The giant Serb crouched low, not even ten feet away, eyes deadly intent.

Jake's knees trembled. "Charlie, run," he said in a shaky voice. "Go."

The Serb watched him—and suddenly Jake knew what it was going to do. Not spring on him, but—

The giant cat fired out a paw. It was the same punching swipe that had tested the rooftop window. Jake ducked. The paw whammed the gate overhead with face-shattering force, denting the bars. Even as the wind-shear whipped his hair into his eyes, Jake speared the knife up and stabbed two inches of the tip into the pad of the Serb's seat-cushion sized paw. The monster Serb snarled and its paw shot back, dripping hot, sticky blood.

Jake flung the knife at it, sprang up, grabbed the gate's top horizontal bar, fought the taut knurl in his back with a scream of pain and hurled himself over the top. The concrete pavement jumped to meet him. Jake smacked down on his side, left hip and elbow cracking hard. Charlie had stayed and he grabbed Jake's head and saved it from hitting the ground. He stumbled too, ending up on his knees.

Roars exploded. Jake's hearing instantly switched to a high-pitched whine. Hot, stinking breath washed over them. Jake stared through the gate into red caves bladed with white knives. Two wet, furious monsters dripped hot blood and glared with hate so savage and furious that it turned Jake's bones to something more fragile than glass. They screamed deep-throated vengeance. Coarse whiskers brushed the gate and saliva dripped like white oil. It mixed with blood and became pink.

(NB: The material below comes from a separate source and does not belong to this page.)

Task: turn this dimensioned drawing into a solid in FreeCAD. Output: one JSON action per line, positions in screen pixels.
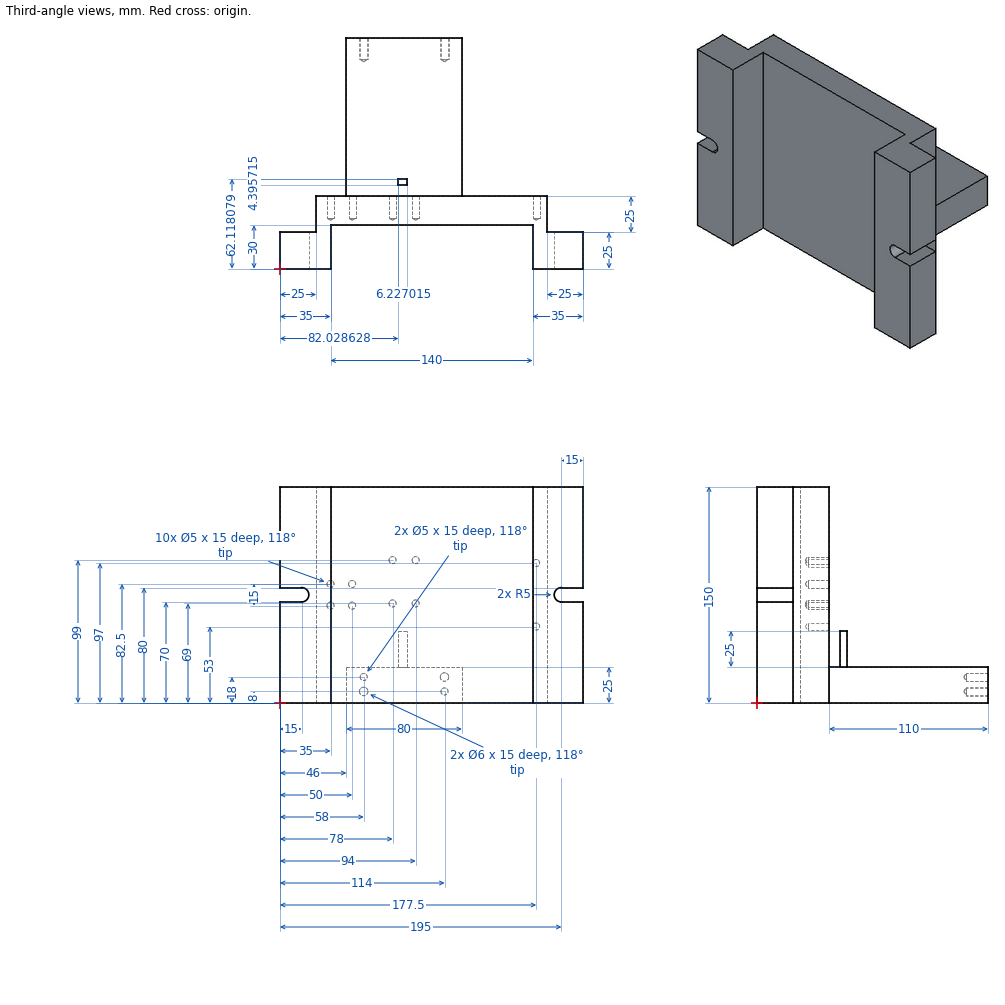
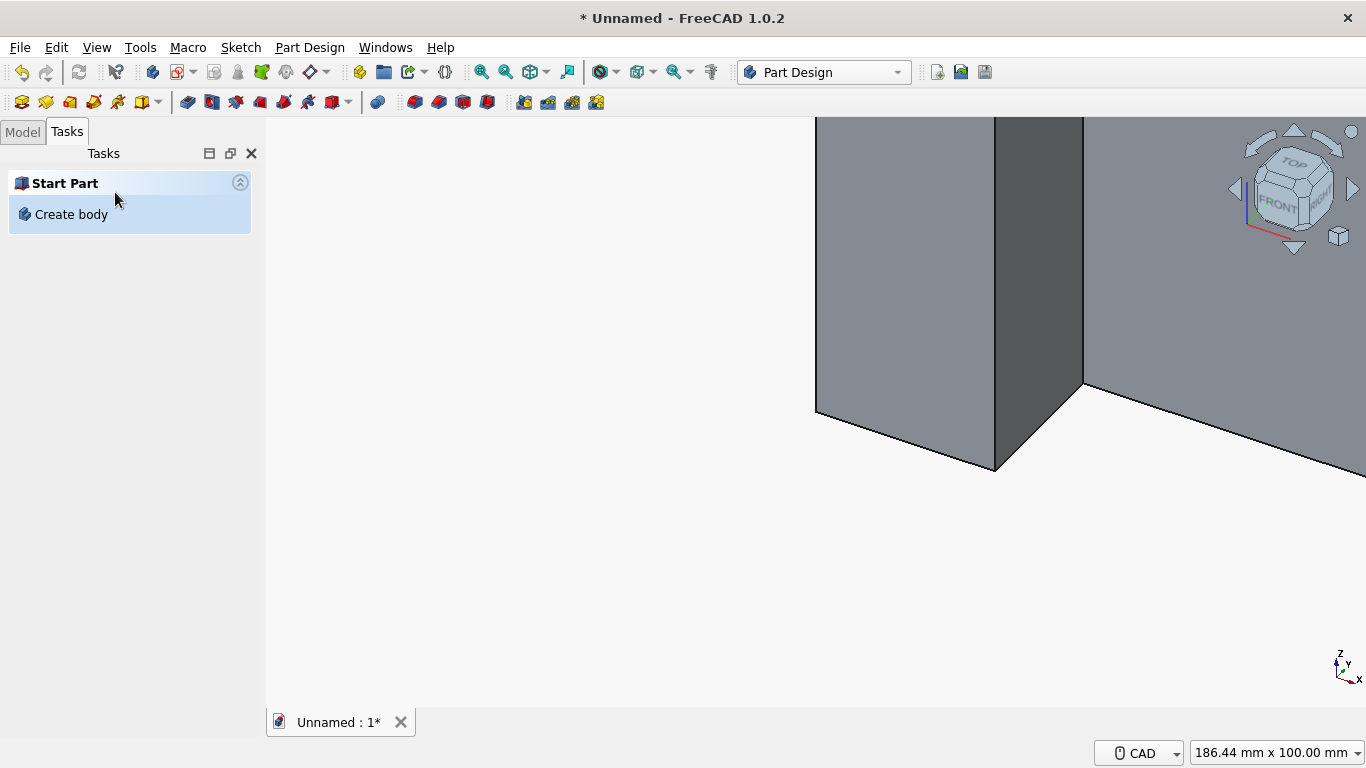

Jake became conscious as he'd never been at how vast his powerlessness was: it filled the world between the unforgiving concrete and the full moon in the sky.

He thought: We're dead.

But the Serbians came no closer.

One easy leap and the Serbs could savage them, but they stayed at the edge of Castor Hill Park, constrained by whatever instinct guided their unknowable minds. The smaller Serb headed away. The giant Serb sat on its haunches and studied Jake. Then it turned its attention to its paw and began to lick it. There was a sense of a reprieve.

Charlie tugged Jake's shirt. He'd turned away and looked only at the street, shoulders trembling. Jake hobbled to his feet and limped away with him.

#

Tiffany stood on the front stoop, the ajar door behind her. She ran to meet them, her face strained and white.

"What was roaring?" she asked. "What was that?"

"Big cats," Charlie said as they scrambled inside.

The door shut the night out. Jake's knee gave up and he dropped and took a clumsy seat in the foyer. His back felt twisted inside a rusted vise. A sleepy little girl in pink Adventure Time pyjamas watched him in surprise.

Tiffany fell to her knees and hugged Charlie, squeezing him to her. She kissed his cheek, followed by another tight hug. Charlie poked her to make her let go and she laughed through her tears.

"Don't ever do that again," she said. "Promise me."

"Okay."

Tiffany left Charlie, stooped next to Jake and wrapped her arms around his neck.

"Thank you," she said into his ear. "Thank you so much."

Jake closed his eyes. He could pick up the scent of Tiffany's tears, and her anxious sweat. Below that was very little. Every product Tiffany used was either lightly scented or unscented—deodorant, shampoo, conditioner, laundry detergent. She'd even changed her perfume.

Tiffany had done that out of consideration for him. In the world Jake inhabited, such kindness deserved repayment.